- [Working data]:

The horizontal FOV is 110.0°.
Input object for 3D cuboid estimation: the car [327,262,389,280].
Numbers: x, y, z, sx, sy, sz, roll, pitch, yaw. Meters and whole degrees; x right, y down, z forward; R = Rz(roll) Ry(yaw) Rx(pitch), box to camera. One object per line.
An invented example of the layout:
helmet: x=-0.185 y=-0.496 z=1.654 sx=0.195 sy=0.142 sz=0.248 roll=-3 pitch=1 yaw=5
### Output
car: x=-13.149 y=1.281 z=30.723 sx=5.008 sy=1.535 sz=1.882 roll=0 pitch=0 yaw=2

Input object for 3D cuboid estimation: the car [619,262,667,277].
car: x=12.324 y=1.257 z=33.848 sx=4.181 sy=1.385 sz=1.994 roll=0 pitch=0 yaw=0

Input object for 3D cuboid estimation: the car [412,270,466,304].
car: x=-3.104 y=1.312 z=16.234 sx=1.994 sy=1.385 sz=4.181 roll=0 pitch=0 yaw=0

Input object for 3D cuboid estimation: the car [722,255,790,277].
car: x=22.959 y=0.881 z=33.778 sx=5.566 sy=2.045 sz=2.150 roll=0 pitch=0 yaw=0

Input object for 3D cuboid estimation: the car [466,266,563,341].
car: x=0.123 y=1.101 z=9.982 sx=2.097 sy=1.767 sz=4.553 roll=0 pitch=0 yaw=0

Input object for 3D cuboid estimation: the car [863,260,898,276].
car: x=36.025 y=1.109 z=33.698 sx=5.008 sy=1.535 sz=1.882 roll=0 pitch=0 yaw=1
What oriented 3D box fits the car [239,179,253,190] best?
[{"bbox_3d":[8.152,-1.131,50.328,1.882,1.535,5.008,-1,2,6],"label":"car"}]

- [Work request]: Going line by line, copy the data above exactly.

- [Response]:
The horizontal FOV is 110.0°.
Input object for 3D cuboid estimation: the car [327,262,389,280].
Numbers: x, y, z, sx, sy, sz, roll, pitch, yaw. Meters and whole degrees; x right, y down, z forward; R = Rz(roll) Ry(yaw) Rx(pitch), box to camera. One object per line.
An invented example of the layout:
helmet: x=-0.185 y=-0.496 z=1.654 sx=0.195 sy=0.142 sz=0.248 roll=-3 pitch=1 yaw=5
### Output
car: x=-13.149 y=1.281 z=30.723 sx=5.008 sy=1.535 sz=1.882 roll=0 pitch=0 yaw=2

Input object for 3D cuboid estimation: the car [619,262,667,277].
car: x=12.324 y=1.257 z=33.848 sx=4.181 sy=1.385 sz=1.994 roll=0 pitch=0 yaw=0

Input object for 3D cuboid estimation: the car [412,270,466,304].
car: x=-3.104 y=1.312 z=16.234 sx=1.994 sy=1.385 sz=4.181 roll=0 pitch=0 yaw=0

Input object for 3D cuboid estimation: the car [722,255,790,277].
car: x=22.959 y=0.881 z=33.778 sx=5.566 sy=2.045 sz=2.150 roll=0 pitch=0 yaw=0

Input object for 3D cuboid estimation: the car [466,266,563,341].
car: x=0.123 y=1.101 z=9.982 sx=2.097 sy=1.767 sz=4.553 roll=0 pitch=0 yaw=0

Input object for 3D cuboid estimation: the car [863,260,898,276].
car: x=36.025 y=1.109 z=33.698 sx=5.008 sy=1.535 sz=1.882 roll=0 pitch=0 yaw=1
What oriented 3D box fits the car [239,179,253,190] best?
[{"bbox_3d":[8.152,-1.131,50.328,1.882,1.535,5.008,-1,2,6],"label":"car"}]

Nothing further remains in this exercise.